Tip: The pond water for the mud snail should not be too soft, otherwise it will lack the calcium it needs for its snail shell.
Use algae killer
- chemical preparations in liquid and powder form
- contain algae-killing ingredients
- Use only in the case of acute algae blooms, not permanently
- no permanent effectiveness
- Symptoms do not address the root cause
- destroy structure of algae and unicellular organisms
- Plants can be sensitive
- consult a professional if necessary
frequently asked Questions
Are these algae harmful to the garden pond?They are not harmful, but a necessary part of an intact garden pond. Only if they spread unhindered is this an indication that the balance in the garden pond is out of control and something needs to be done.

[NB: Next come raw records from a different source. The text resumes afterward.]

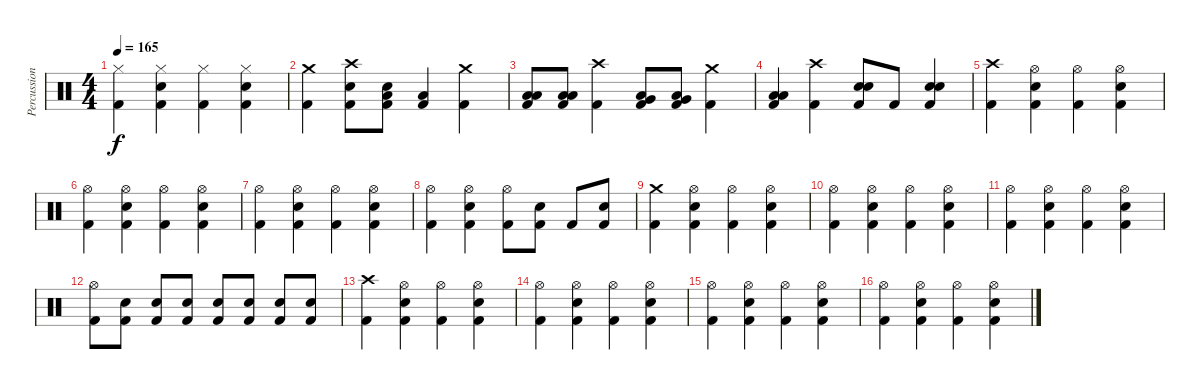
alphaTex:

\track ("Percussions" "Percussion") {instrument percussion}
\staff {score}
\articulation defaults
\ts (4 4)
\tempo 165
\clef neutral
\ks c
("Hi-Hat (closed)" "Kick (hit) 2").4{dy f} ("Hi-Hat (closed)" "Electric Snare (hit)" "Kick (hit) 2").4 ("Hi-Hat (closed)" "Kick (hit) 2").4 ("Hi-Hat (closed)" "Electric Snare (hit)" "Kick (hit) 2").4 |
("Crash medium (hit)" "Kick (hit) 2").4 ("Crash high (hit)" "Electric Snare (hit)" "Kick (hit) 2").8 ("Electric Snare (hit)" "Low Floor Tom (hit)" "Kick (hit) 2").8 ("Low Floor Tom (hit)" "Kick (hit) 2").4 ("Crash medium (hit)" "Kick (hit) 2").4 |
("Low Tom (hit)" "Low Floor Tom (hit)" "Kick (hit) 2").8 ("Low Tom (hit)" "Low Floor Tom (hit)" "Kick (hit) 2").8 ("Crash high (hit)" "Kick (hit) 2").4 ("Very Low Tom (hit)" "Low Floor Tom (hit)" "Kick (hit) 2").8 ("Very Low Tom (hit)" "Low Floor Tom (hit)" "Kick (hit) 2").8 ("Crash medium (hit)" "Kick (hit) 2").4 |
("Low Floor Tom (hit)" "Low Floor Tom (hit)" "Kick (hit) 2").4 ("Crash high (hit)" "Kick (hit) 2").4 ("Electric Snare (hit)" "Electric Snare (hit)" "Kick (hit) 2").8 "Kick (hit) 2".8 ("Electric Snare (hit)" "Electric Snare (hit)" "Kick (hit) 2").4 |
("Crash high (hit)" "Kick (hit) 2").4 ("Hi-Hat (open)" "Electric Snare (hit)" "Kick (hit) 2").4 ("Hi-Hat (open)" "Kick (hit) 2").4 ("Hi-Hat (open)" "Electric Snare (hit)" "Kick (hit) 2").4 |
("Hi-Hat (open)" "Kick (hit) 2").4 ("Hi-Hat (open)" "Electric Snare (hit)" "Kick (hit) 2").4 ("Hi-Hat (open)" "Kick (hit) 2").4 ("Hi-Hat (open)" "Electric Snare (hit)" "Kick (hit) 2").4 |
("Hi-Hat (open)" "Kick (hit) 2").4 ("Hi-Hat (open)" "Electric Snare (hit)" "Kick (hit) 2").4 ("Hi-Hat (open)" "Kick (hit) 2").4 ("Hi-Hat (open)" "Electric Snare (hit)" "Kick (hit) 2").4 |
("Hi-Hat (open)" "Kick (hit) 2").4 ("Hi-Hat (open)" "Electric Snare (hit)" "Kick (hit) 2").4 ("Hi-Hat (open)" "Kick (hit) 2").8 ("Electric Snare (hit)" "Kick (hit) 2").8 "Kick (hit) 2".8 ("Electric Snare (hit)" "Kick (hit) 2").8 |
("Crash medium (hit)" "Kick (hit) 2").4 ("Hi-Hat (open)" "Electric Snare (hit)" "Kick (hit) 2").4 ("Hi-Hat (open)" "Kick (hit) 2").4 ("Hi-Hat (open)" "Electric Snare (hit)" "Kick (hit) 2").4 |
("Hi-Hat (open)" "Kick (hit) 2").4 ("Hi-Hat (open)" "Electric Snare (hit)" "Kick (hit) 2").4 ("Hi-Hat (open)" "Kick (hit) 2").4 ("Hi-Hat (open)" "Electric Snare (hit)" "Kick (hit) 2").4 |
("Hi-Hat (open)" "Kick (hit) 2").4 ("Hi-Hat (open)" "Electric Snare (hit)" "Kick (hit) 2").4 ("Hi-Hat (open)" "Kick (hit) 2").4 ("Hi-Hat (open)" "Electric Snare (hit)" "Kick (hit) 2").4 |
("Hi-Hat (open)" "Kick (hit) 2").8 ("Electric Snare (hit)" "Kick (hit) 2").8 ("Electric Snare (hit)" "Kick (hit) 2").8 ("Electric Snare (hit)" "Kick (hit) 2").8 ("Electric Snare (hit)" "Kick (hit) 2").8 ("Electric Snare (hit)" "Kick (hit) 2").8 ("Electric Snare (hit)" "Kick (hit) 2").8 ("Electric Snare (hit)" "Kick (hit) 2").8 |
("Crash high (hit)" "Kick (hit) 2").4 ("Hi-Hat (open)" "Electric Snare (hit)" "Kick (hit) 2").4 ("Hi-Hat (open)" "Kick (hit) 2").4 ("Hi-Hat (open)" "Electric Snare (hit)" "Kick (hit) 2").4 |
("Hi-Hat (open)" "Kick (hit) 2").4 ("Hi-Hat (open)" "Electric Snare (hit)" "Kick (hit) 2").4 ("Hi-Hat (open)" "Kick (hit) 2").4 ("Hi-Hat (open)" "Electric Snare (hit)" "Kick (hit) 2").4 |
("Hi-Hat (open)" "Kick (hit) 2").4 ("Hi-Hat (open)" "Electric Snare (hit)" "Kick (hit) 2").4 ("Hi-Hat (open)" "Kick (hit) 2").4 ("Hi-Hat (open)" "Electric Snare (hit)" "Kick (hit) 2").4 |
("Hi-Hat (open)" "Kick (hit) 2").4 ("Hi-Hat (open)" "Electric Snare (hit)" "Kick (hit) 2").4 ("Hi-Hat (open)" "Kick (hit) 2").4 ("Hi-Hat (open)" "Electric Snare (hit)" "Kick (hit) 2").4
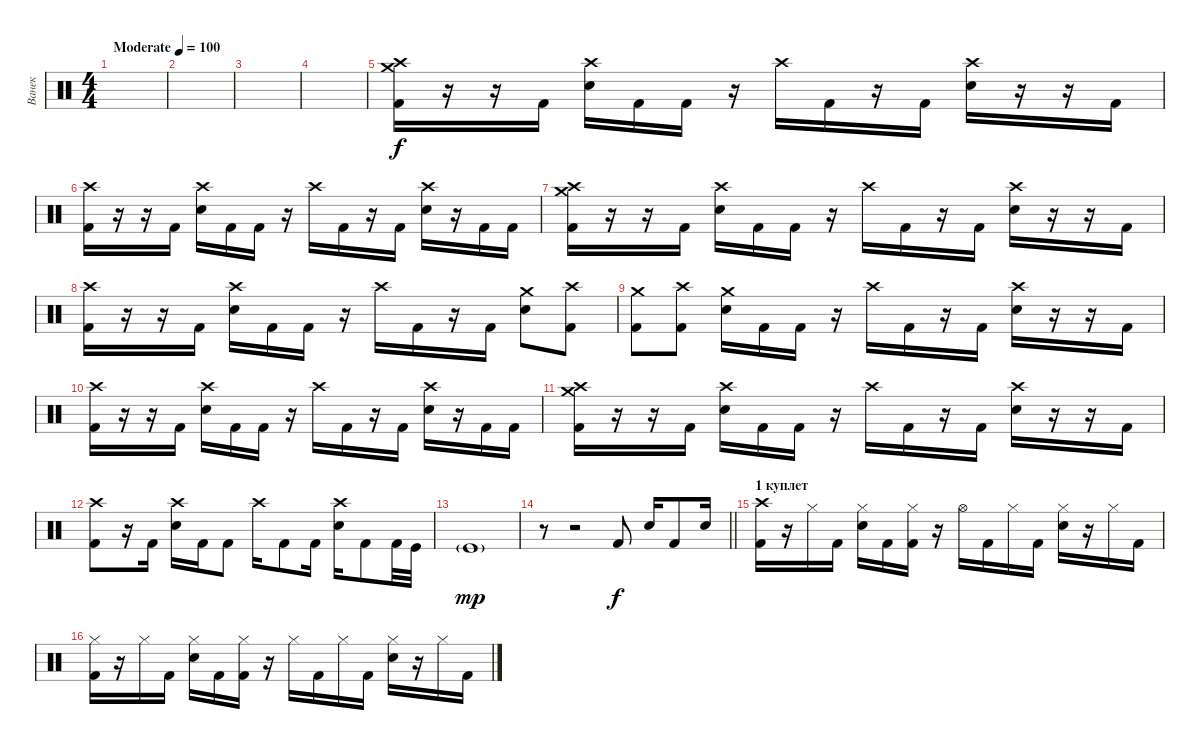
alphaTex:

\track ("Ванек" "Ванек") {instrument percussion}
\staff {score}
\articulation defaults
\ts (4 4)
\tempo (100 "Moderate")
\clef neutral
\ks c
|
|
|
|
("Crash high (hit)" "Crash medium (hit)" "Kick (hit) 2").16 r.16 r.16 "Kick (hit) 2".16 ("Crash high (hit)" "Snare (hit) 2").16 "Kick (hit) 2".16 "Kick (hit) 2".16 r.16 "Crash high (hit)".16 "Kick (hit) 2".16 r.16 "Kick (hit) 2".16 ("Crash high (hit)" "Snare (hit) 2").16 r.16 r.16 "Kick (hit) 2".16 |
("Crash high (hit)" "Kick (hit) 2").16 r.16 r.16 "Kick (hit) 2".16 ("Crash high (hit)" "Snare (hit) 2").16 "Kick (hit) 2".16 "Kick (hit) 2".16 r.16 "Crash high (hit)".16 "Kick (hit) 2".16 r.16 "Kick (hit) 2".16 ("Crash high (hit)" "Snare (hit) 2").16 r.16 "Kick (hit) 2".16 "Kick (hit) 2".16 |
("Crash high (hit)" "Crash medium (hit)" "Kick (hit) 2").16 r.16 r.16 "Kick (hit) 2".16 ("Crash high (hit)" "Snare (hit) 2").16 "Kick (hit) 2".16 "Kick (hit) 2".16 r.16 "Crash high (hit)".16 "Kick (hit) 2".16 r.16 "Kick (hit) 2".16 ("Crash high (hit)" "Snare (hit) 2").16 r.16 r.16 "Kick (hit) 2".16 |
("Crash high (hit)" "Kick (hit) 2").16 r.16 r.16 "Kick (hit) 2".16 ("Crash high (hit)" "Snare (hit) 2").16 "Kick (hit) 2".16 "Kick (hit) 2".16 r.16 "Crash high (hit)".16 "Kick (hit) 2".16 r.16 "Kick (hit) 2".16 ("Crash medium (hit)" "Snare (hit) 2").8 ("Crash high (hit)" "Kick (hit) 2").8 |
("Crash medium (hit)" "Kick (hit) 2").8 ("Crash high (hit)" "Kick (hit) 2").8 ("Crash medium (hit)" "Snare (hit) 2").16 "Kick (hit) 2".16 "Kick (hit) 2".16 r.16 "Crash high (hit)".16 "Kick (hit) 2".16 r.16 "Kick (hit) 2".16 ("Crash high (hit)" "Snare (hit) 2").16 r.16 r.16 "Kick (hit) 2".16 |
("Crash high (hit)" "Kick (hit) 2").16 r.16 r.16 "Kick (hit) 2".16 ("Crash high (hit)" "Snare (hit) 2").16 "Kick (hit) 2".16 "Kick (hit) 2".16 r.16 "Crash high (hit)".16 "Kick (hit) 2".16 r.16 "Kick (hit) 2".16 ("Crash high (hit)" "Snare (hit) 2").16 r.16 "Kick (hit) 2".16 "Kick (hit) 2".16 |
("Crash high (hit)" "Crash medium (hit)" "Kick (hit) 2").16 r.16 r.16 "Kick (hit) 2".16 ("Crash high (hit)" "Snare (hit) 2").16 "Kick (hit) 2".16 "Kick (hit) 2".16 r.16 "Crash high (hit)".16 "Kick (hit) 2".16 r.16 "Kick (hit) 2".16 ("Crash high (hit)" "Snare (hit) 2").16 r.16 r.16 "Kick (hit) 2".16 |
("Crash high (hit)" "Kick (hit) 2").8 r.16 "Kick (hit) 2".16 ("Crash high (hit)" "Snare (hit) 2").16 "Kick (hit) 2".16 "Kick (hit) 2".8 "Crash high (hit)".16 "Kick (hit) 2".8 "Kick (hit) 2".16 ("Crash high (hit)" "Snare (hit) 2").16 "Kick (hit) 2".8 "Kick (hit) 2".32 "Kick (hit)".32 |
"Kick (hit)"{g}.1{dy mp} |
\barLineRight lightlight
r.8 r.2 "Kick (hit) 2".8{dy f} "Snare (hit) 2".16 "Kick (hit) 2".8 "Snare (hit) 2".16 |
\section ("" "1 куплет")
("Crash high (hit)" "Kick (hit) 2").16 r.16 "Hi-Hat (closed)".16 "Kick (hit) 2".16 ("Hi-Hat (closed)" "Snare (hit) 2").16 "Kick (hit) 2".16 ("Hi-Hat (closed)" "Kick (hit) 2").16 r.16 "Hi-Hat (open)".16 "Kick (hit) 2".16 "Hi-Hat (closed)".16 "Kick (hit) 2".16 ("Hi-Hat (closed)" "Snare (hit) 2").16 r.16 "Hi-Hat (closed)".16 "Kick (hit) 2".16 |
("Hi-Hat (closed)" "Kick (hit) 2").16 r.16 "Hi-Hat (closed)".16 "Kick (hit) 2".16 ("Hi-Hat (closed)" "Snare (hit) 2").16 "Kick (hit) 2".16 ("Hi-Hat (closed)" "Kick (hit) 2").16 r.16 "Hi-Hat (closed)".16 "Kick (hit) 2".16 "Hi-Hat (closed)".16 "Kick (hit) 2".16 ("Hi-Hat (closed)" "Snare (hit) 2").16 r.16 "Hi-Hat (closed)".16 "Kick (hit) 2".16
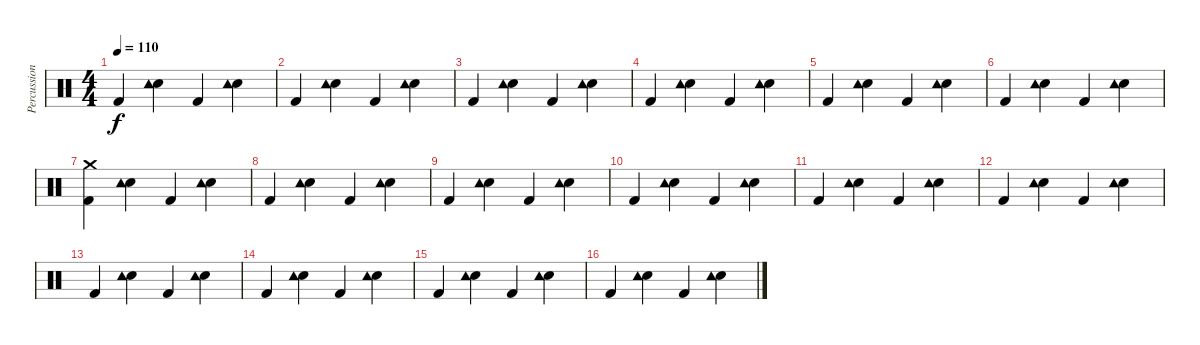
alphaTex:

\track ("Percussion" "Percussion") {instrument percussion}
\staff {score}
\articulation defaults
\ts (4 4)
\tempo 110
\clef neutral
\ks c "Kick (hit) 2".4{dy f}
("Electric Snare (hit)" "Tambourine (hit)").4 "Kick (hit) 2".4 ("Electric Snare (hit)" "Tambourine (hit)").4 |
"Kick (hit) 2".4 ("Electric Snare (hit)" "Tambourine (hit)").4 "Kick (hit) 2".4 ("Electric Snare (hit)" "Tambourine (hit)").4 |
"Kick (hit) 2".4 ("Electric Snare (hit)" "Tambourine (hit)").4 "Kick (hit) 2".4 ("Electric Snare (hit)" "Tambourine (hit)").4 |
"Kick (hit) 2".4 ("Electric Snare (hit)" "Tambourine (hit)").4 "Kick (hit) 2".4 ("Electric Snare (hit)" "Tambourine (hit)").4 |
"Kick (hit) 2".4 ("Electric Snare (hit)" "Tambourine (hit)").4 "Kick (hit) 2".4 ("Electric Snare (hit)" "Tambourine (hit)").4 |
"Kick (hit) 2".4 ("Electric Snare (hit)" "Tambourine (hit)").4 "Kick (hit) 2".4 ("Electric Snare (hit)" "Tambourine (hit)").4 |
("Kick (hit) 2" "Crash medium (hit)").4 ("Electric Snare (hit)" "Tambourine (hit)").4 "Kick (hit) 2".4 ("Electric Snare (hit)" "Tambourine (hit)").4 |
"Kick (hit) 2".4 ("Electric Snare (hit)" "Tambourine (hit)").4 "Kick (hit) 2".4 ("Electric Snare (hit)" "Tambourine (hit)").4 |
"Kick (hit) 2".4 ("Electric Snare (hit)" "Tambourine (hit)").4 "Kick (hit) 2".4 ("Electric Snare (hit)" "Tambourine (hit)").4 |
"Kick (hit) 2".4 ("Electric Snare (hit)" "Tambourine (hit)").4 "Kick (hit) 2".4 ("Electric Snare (hit)" "Tambourine (hit)").4 |
"Kick (hit) 2".4 ("Electric Snare (hit)" "Tambourine (hit)").4 "Kick (hit) 2".4 ("Electric Snare (hit)" "Tambourine (hit)").4 |
"Kick (hit) 2".4 ("Electric Snare (hit)" "Tambourine (hit)").4 "Kick (hit) 2".4 ("Electric Snare (hit)" "Tambourine (hit)").4 |
"Kick (hit) 2".4 ("Electric Snare (hit)" "Tambourine (hit)").4 "Kick (hit) 2".4 ("Electric Snare (hit)" "Tambourine (hit)").4 |
"Kick (hit) 2".4 ("Electric Snare (hit)" "Tambourine (hit)").4 "Kick (hit) 2".4 ("Electric Snare (hit)" "Tambourine (hit)").4 |
"Kick (hit) 2".4 ("Electric Snare (hit)" "Tambourine (hit)").4 "Kick (hit) 2".4 ("Electric Snare (hit)" "Tambourine (hit)").4 |
"Kick (hit) 2".4 ("Electric Snare (hit)" "Tambourine (hit)").4 "Kick (hit) 2".4 ("Electric Snare (hit)" "Tambourine (hit)").4
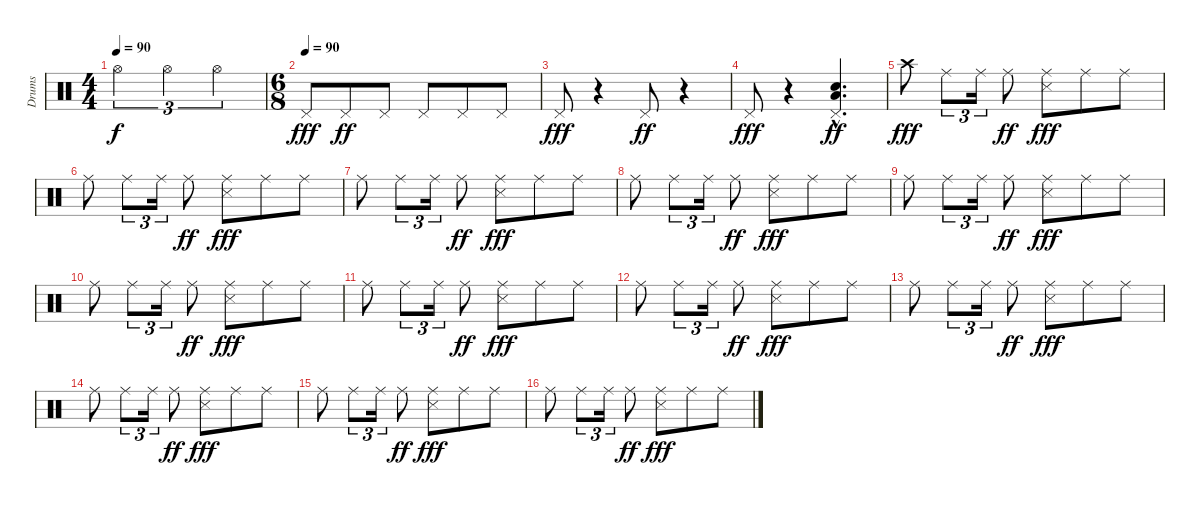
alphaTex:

\track ("Drums" "Drums") {instrument percussion}
\staff {score}
\articulation defaults
\ts (4 4)
\tempo 90
\clef neutral
\ks c "Hi-Hat (open)".2{tu (3 2) dy f} "Hi-Hat (open)".2{tu (3 2)} "Hi-Hat (open)".2{tu (3 2)}
|
\ts (6 8)
\tempo (90)
"Pedal Hi-Hat (hit)".8{dy fff} "Pedal Hi-Hat (hit)".8{dy ff} "Pedal Hi-Hat (hit)".8 "Pedal Hi-Hat (hit)".8 "Pedal Hi-Hat (hit)".8 "Pedal Hi-Hat (hit)".8 |
"Pedal Hi-Hat (hit)".8{dy fff} r.4 "Pedal Hi-Hat (hit)".8{dy ff} r.4 |
"Pedal Hi-Hat (hit)".8{dy fff} r.4 ("Pedal Hi-Hat (hit)" "Low Floor Tom (hit)" "Hand Clap (hit)"{hac}).4{d dy ff} |
"Crash high (hit)".8{dy fff} "Ride (middle)".8{tu (3 2)} "Ride (middle)".16{tu (3 2)} "Ride (middle)".8{dy ff} ("Ride (middle)" "Snare (side stick) 3").8{dy fff} "Ride (middle)".8 "Ride (middle)".8 |
"Ride (middle)".8 "Ride (middle)".8{tu (3 2)} "Ride (middle)".16{tu (3 2)} "Ride (middle)".8{dy ff} ("Ride (middle)" "Snare (side stick) 3").8{dy fff} "Ride (middle)".8 "Ride (middle)".8 |
"Ride (middle)".8 "Ride (middle)".8{tu (3 2)} "Ride (middle)".16{tu (3 2)} "Ride (middle)".8{dy ff} ("Ride (middle)" "Snare (side stick) 3").8{dy fff} "Ride (middle)".8 "Ride (middle)".8 |
"Ride (middle)".8 "Ride (middle)".8{tu (3 2)} "Ride (middle)".16{tu (3 2)} "Ride (middle)".8{dy ff} ("Ride (middle)" "Snare (side stick) 3").8{dy fff} "Ride (middle)".8 "Ride (middle)".8 |
"Ride (middle)".8 "Ride (middle)".8{tu (3 2)} "Ride (middle)".16{tu (3 2)} "Ride (middle)".8{dy ff} ("Ride (middle)" "Snare (side stick) 3").8{dy fff} "Ride (middle)".8 "Ride (middle)".8 |
"Ride (middle)".8 "Ride (middle)".8{tu (3 2)} "Ride (middle)".16{tu (3 2)} "Ride (middle)".8{dy ff} ("Ride (middle)" "Snare (side stick) 3").8{dy fff} "Ride (middle)".8 "Ride (middle)".8 |
"Ride (middle)".8 "Ride (middle)".8{tu (3 2)} "Ride (middle)".16{tu (3 2)} "Ride (middle)".8{dy ff} ("Ride (middle)" "Snare (side stick) 3").8{dy fff} "Ride (middle)".8 "Ride (middle)".8 |
"Ride (middle)".8 "Ride (middle)".8{tu (3 2)} "Ride (middle)".16{tu (3 2)} "Ride (middle)".8{dy ff} ("Ride (middle)" "Snare (side stick) 3").8{dy fff} "Ride (middle)".8 "Ride (middle)".8 |
"Ride (middle)".8 "Ride (middle)".8{tu (3 2)} "Ride (middle)".16{tu (3 2)} "Ride (middle)".8{dy ff} ("Ride (middle)" "Snare (side stick) 3").8{dy fff} "Ride (middle)".8 "Ride (middle)".8 |
"Ride (middle)".8 "Ride (middle)".8{tu (3 2)} "Ride (middle)".16{tu (3 2)} "Ride (middle)".8{dy ff} ("Ride (middle)" "Snare (side stick) 3").8{dy fff} "Ride (middle)".8 "Ride (middle)".8 |
"Ride (middle)".8 "Ride (middle)".8{tu (3 2)} "Ride (middle)".16{tu (3 2)} "Ride (middle)".8{dy ff} ("Ride (middle)" "Snare (side stick) 3").8{dy fff} "Ride (middle)".8 "Ride (middle)".8 |
"Ride (middle)".8 "Ride (middle)".8{tu (3 2)} "Ride (middle)".16{tu (3 2)} "Ride (middle)".8{dy ff} ("Ride (middle)" "Snare (side stick) 3").8{dy fff} "Ride (middle)".8 "Ride (middle)".8
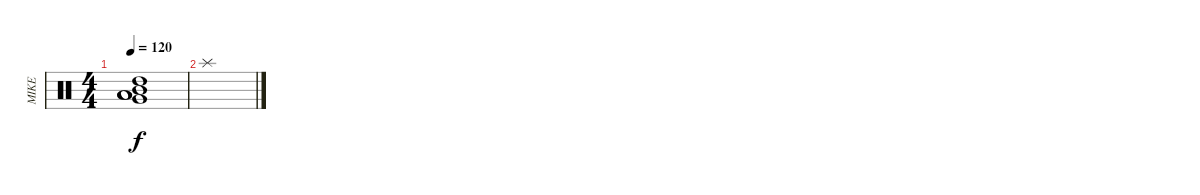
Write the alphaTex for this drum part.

\track ("MIKE" "MIKE") {instrument percussion}
\staff {score}
\articulation defaults
\ts (4 4)
\tempo 120
\clef neutral
\ks c
("High Tom (hit)" "Mid Tom (hit)" "Low Tom (hit)" "Very Low Tom (hit)" "Low Floor Tom (hit)").1{bu 480 dy f} |
"Splash (hit)".1

Are fish suitable for fighting?Fish are hardly suitable for combating filamentous algae. With their excretions, they even provide a nutrient input and thus contribute to the formation of algae. Nevertheless, there are said to be species that eat algae, such as rudd and grass carp. When it comes to fish food, you should pay attention to the quality, because even inferior food can promote algae formation.
Is it possible to completely prevent thread algae?No, but they shouldn't get out of hand. That's why you have to do something to support and maintain the biological balance in the garden pond. This also includes the algae, because they are not the cause of the problem, but only a symptom.